Give back an exact copy of the lines in the records below, from the line that has "6. rack shelf (910,439,1008,495)" through the line that has "11. forklift (425,0,904,384)", and nothing besides.

PROVIDED RECORDS:
· · ·

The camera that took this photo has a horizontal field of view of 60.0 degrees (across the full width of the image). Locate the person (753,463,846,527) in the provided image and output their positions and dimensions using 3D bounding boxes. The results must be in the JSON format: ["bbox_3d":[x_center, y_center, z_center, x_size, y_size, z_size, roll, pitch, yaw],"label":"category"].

· · ·

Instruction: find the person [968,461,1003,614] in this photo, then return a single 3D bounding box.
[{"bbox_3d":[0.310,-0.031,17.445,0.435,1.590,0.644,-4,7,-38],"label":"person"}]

· · ·

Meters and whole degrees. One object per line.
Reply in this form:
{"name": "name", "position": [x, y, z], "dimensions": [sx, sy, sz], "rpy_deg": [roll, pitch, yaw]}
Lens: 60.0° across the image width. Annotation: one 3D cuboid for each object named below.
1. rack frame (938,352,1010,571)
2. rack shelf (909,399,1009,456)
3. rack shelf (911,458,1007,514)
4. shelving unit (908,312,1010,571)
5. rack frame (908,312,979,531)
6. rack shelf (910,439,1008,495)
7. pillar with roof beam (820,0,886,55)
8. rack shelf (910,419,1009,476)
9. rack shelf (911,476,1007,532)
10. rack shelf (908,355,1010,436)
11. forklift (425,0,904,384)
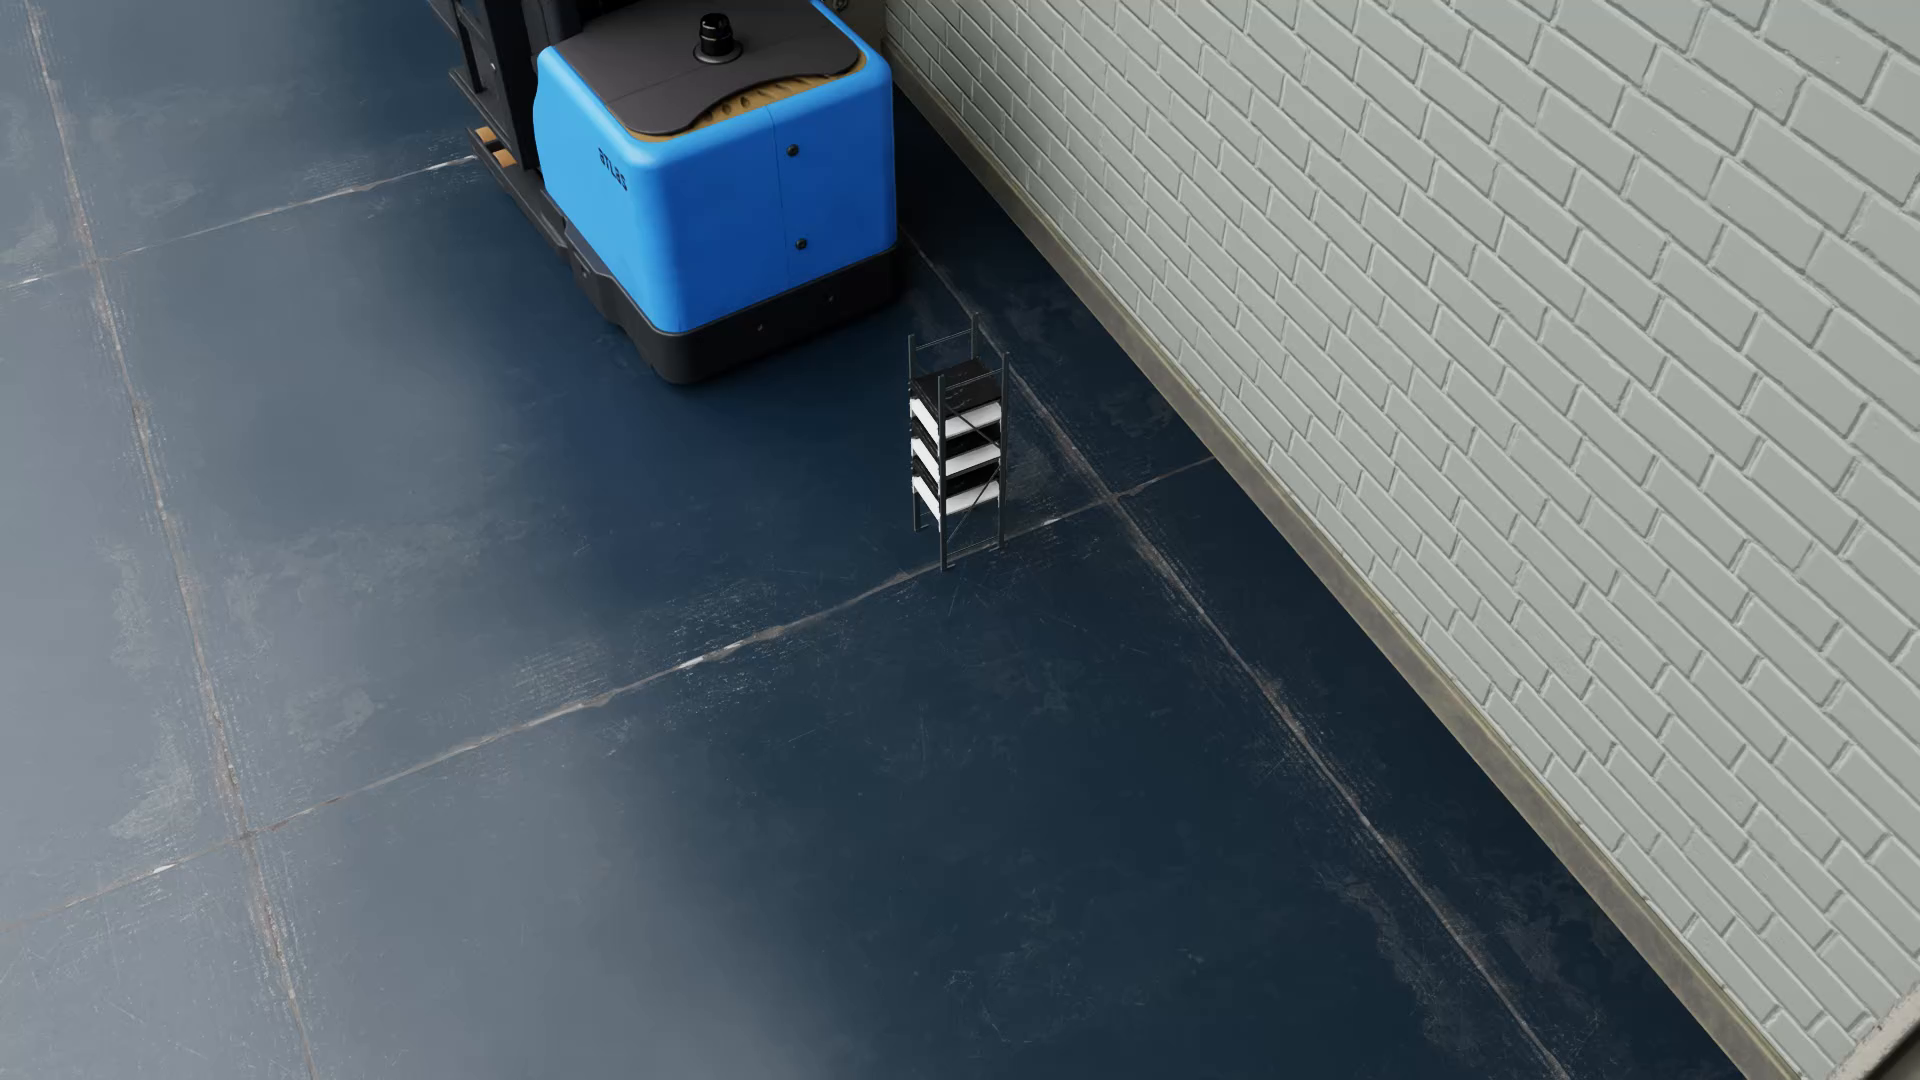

· · ·

ANSWER TO THIS TASK:
6. rack shelf (910,439,1008,495)
7. pillar with roof beam (820,0,886,55)
8. rack shelf (910,419,1009,476)
9. rack shelf (911,476,1007,532)
10. rack shelf (908,355,1010,436)
11. forklift (425,0,904,384)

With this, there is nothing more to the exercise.